Nicotiana tabacum (2n=48) is a natural amphidiploid with component genomes S and T. We used non-radioactive in situ hybridization to provide physical chromosome markers for N. tabacum, and to determine the extant species most similar to the S and T genomes. Chromosomes of the S genome hybridized strongly to biotinylated total DNA from N. sylvestris, and showed the same physical localization of a tandemly repeated DNA sequence, HRS 60.1, confirming the close relationship between the S genome and N. sylvesfris. Results of dot blot and in situ hybridizations of N. tabacum DNA to biotinylated total genomic DNA from N. tomentosiformis and N. otophora suggested that the T genome may derive from an introgressive hybrid between these two species.
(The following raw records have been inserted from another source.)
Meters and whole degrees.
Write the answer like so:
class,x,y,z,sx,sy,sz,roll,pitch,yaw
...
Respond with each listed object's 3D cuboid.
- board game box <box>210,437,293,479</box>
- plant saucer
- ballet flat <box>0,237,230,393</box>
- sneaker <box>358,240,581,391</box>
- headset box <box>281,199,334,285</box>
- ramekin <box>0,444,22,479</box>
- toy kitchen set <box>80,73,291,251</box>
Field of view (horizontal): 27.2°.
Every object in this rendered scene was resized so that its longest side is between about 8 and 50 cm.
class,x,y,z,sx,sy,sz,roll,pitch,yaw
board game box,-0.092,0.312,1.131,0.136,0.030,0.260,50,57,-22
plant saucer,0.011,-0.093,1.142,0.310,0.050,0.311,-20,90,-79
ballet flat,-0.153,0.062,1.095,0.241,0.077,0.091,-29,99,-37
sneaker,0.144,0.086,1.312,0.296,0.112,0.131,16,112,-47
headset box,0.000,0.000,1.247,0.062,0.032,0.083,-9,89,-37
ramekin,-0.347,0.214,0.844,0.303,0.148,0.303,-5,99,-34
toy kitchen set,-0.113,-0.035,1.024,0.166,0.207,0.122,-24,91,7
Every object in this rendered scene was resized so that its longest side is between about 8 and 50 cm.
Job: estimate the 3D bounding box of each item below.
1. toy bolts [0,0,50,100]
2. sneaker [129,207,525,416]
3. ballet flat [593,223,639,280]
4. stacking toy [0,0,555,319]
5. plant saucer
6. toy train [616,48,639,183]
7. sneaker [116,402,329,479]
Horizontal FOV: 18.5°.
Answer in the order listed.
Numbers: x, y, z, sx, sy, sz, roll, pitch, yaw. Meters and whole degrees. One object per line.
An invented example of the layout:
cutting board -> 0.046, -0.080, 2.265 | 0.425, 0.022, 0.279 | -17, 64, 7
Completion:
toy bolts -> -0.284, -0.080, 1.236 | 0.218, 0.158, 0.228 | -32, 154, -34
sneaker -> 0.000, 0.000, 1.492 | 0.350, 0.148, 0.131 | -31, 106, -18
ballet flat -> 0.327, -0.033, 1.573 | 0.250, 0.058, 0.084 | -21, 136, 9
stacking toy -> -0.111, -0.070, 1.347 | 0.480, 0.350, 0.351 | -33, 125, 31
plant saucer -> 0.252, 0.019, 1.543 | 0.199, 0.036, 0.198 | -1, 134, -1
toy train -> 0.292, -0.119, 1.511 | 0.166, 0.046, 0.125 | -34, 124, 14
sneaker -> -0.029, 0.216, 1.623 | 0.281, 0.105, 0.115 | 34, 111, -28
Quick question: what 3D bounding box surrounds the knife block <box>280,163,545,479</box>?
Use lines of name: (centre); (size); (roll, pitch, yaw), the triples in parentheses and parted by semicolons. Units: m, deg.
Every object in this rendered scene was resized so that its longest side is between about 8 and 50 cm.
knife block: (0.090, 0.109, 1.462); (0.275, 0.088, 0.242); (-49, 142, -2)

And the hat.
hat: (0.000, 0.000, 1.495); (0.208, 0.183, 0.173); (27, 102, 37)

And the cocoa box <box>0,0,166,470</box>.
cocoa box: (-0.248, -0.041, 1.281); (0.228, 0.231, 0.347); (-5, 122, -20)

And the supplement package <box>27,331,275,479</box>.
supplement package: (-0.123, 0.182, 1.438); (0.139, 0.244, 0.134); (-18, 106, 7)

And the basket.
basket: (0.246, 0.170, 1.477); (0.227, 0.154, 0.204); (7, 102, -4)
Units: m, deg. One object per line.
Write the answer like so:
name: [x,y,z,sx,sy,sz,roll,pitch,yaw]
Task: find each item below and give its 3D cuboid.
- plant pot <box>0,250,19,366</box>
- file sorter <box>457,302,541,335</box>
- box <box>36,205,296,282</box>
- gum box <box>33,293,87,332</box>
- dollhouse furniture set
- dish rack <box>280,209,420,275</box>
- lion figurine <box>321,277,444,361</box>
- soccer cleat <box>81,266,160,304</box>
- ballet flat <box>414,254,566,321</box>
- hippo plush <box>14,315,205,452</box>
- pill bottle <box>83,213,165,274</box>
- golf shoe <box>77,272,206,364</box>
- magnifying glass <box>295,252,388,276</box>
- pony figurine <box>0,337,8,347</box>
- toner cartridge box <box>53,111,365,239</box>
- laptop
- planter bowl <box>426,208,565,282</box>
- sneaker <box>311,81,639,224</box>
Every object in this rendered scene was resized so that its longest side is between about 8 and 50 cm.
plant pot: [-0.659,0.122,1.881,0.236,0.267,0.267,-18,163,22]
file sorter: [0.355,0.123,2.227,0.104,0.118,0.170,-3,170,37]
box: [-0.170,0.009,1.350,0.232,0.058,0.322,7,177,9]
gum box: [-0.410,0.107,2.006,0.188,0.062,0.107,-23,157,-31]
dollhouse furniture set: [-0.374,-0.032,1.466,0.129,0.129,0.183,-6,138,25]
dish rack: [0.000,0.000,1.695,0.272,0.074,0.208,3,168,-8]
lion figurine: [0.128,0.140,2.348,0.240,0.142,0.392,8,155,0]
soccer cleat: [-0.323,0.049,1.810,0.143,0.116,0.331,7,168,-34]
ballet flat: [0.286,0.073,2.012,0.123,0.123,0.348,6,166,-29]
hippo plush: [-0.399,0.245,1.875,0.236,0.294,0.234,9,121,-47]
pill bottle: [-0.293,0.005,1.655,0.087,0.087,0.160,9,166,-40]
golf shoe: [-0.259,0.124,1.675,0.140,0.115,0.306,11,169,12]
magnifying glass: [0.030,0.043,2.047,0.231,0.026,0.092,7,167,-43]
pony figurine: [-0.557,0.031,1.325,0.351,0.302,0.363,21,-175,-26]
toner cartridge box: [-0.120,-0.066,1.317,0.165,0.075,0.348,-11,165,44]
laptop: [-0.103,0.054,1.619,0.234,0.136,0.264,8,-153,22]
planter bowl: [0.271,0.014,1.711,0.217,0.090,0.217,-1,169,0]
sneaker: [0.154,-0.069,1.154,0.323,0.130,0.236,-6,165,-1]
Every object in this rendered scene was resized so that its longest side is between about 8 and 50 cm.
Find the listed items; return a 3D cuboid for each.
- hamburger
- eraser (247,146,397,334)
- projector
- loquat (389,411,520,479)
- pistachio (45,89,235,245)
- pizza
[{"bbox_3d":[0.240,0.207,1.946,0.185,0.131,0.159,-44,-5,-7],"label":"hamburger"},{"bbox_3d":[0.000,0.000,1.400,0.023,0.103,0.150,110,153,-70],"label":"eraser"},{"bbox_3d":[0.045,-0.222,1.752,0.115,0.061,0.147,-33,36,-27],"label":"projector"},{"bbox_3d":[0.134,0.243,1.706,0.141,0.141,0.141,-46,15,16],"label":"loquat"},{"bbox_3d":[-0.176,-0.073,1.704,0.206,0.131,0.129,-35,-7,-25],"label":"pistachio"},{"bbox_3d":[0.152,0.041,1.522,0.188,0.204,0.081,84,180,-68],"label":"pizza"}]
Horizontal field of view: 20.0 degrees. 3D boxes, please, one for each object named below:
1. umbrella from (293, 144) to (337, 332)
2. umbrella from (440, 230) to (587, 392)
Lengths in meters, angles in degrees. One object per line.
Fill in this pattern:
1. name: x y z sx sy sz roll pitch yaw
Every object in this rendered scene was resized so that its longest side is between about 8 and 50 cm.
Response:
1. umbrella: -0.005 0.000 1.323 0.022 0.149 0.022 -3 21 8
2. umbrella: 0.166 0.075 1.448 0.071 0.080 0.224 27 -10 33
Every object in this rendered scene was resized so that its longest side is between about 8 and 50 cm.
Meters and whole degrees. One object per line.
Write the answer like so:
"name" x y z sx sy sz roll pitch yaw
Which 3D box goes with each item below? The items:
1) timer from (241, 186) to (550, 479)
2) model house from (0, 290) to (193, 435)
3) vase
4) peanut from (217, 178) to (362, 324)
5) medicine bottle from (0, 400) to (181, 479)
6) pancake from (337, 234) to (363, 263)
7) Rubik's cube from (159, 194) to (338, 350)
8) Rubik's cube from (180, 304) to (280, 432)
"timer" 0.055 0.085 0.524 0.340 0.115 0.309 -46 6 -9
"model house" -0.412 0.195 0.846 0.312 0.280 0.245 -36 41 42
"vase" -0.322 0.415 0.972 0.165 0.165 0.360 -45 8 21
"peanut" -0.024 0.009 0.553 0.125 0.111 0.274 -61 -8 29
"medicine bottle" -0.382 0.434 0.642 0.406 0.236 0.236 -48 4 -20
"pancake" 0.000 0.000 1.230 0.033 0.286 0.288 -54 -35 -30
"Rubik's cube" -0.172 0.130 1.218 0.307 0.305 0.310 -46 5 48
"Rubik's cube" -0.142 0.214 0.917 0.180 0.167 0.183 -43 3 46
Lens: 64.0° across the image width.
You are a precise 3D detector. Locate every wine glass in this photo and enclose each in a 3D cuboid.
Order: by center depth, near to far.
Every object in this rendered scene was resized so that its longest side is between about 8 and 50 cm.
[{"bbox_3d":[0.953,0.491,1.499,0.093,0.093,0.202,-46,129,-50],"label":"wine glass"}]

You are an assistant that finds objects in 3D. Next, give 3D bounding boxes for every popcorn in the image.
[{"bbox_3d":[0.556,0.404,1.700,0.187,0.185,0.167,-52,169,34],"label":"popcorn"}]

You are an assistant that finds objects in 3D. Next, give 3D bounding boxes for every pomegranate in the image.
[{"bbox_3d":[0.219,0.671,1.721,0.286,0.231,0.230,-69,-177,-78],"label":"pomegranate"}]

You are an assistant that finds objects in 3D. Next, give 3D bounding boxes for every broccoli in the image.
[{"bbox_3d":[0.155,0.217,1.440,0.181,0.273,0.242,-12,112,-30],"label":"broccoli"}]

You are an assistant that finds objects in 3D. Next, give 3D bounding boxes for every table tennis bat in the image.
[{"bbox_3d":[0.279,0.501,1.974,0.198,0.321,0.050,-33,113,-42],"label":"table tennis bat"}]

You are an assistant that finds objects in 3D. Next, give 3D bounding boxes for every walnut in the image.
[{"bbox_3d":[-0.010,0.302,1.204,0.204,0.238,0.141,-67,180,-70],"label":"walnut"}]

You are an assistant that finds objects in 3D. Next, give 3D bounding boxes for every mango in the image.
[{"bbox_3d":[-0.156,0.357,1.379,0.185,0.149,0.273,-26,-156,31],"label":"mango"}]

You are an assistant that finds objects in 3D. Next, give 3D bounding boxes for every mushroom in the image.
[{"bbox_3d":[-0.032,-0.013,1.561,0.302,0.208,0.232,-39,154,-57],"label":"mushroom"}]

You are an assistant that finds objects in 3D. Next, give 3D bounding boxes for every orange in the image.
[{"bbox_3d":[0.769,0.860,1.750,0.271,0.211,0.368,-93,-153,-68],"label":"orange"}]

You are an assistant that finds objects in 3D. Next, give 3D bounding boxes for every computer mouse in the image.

Moreover, a comparison of nucleolus-organizing chromosomes revealed that the nucleolus organizer region (NOR) most strongly expressed in N. tabacum had a very similar counterpart in N. otophora. Three different N. tabacum genotypes each had up to 9 homozygous translocations between chromosomes of the S and T genomes. Such translocations, which were either unilateral or reciprocal, demonstrate that intergenomic transfer of DNA has occurred in the amphidiploid, possibly accounting for some results of previous genetic and molecular analyses. Molecular cytogenetics of N. tabacum has identified new chromosome markers, providing a basis for physical gene mapping and showing that the amphidiploid genome has diverged structurally from its ancestral components.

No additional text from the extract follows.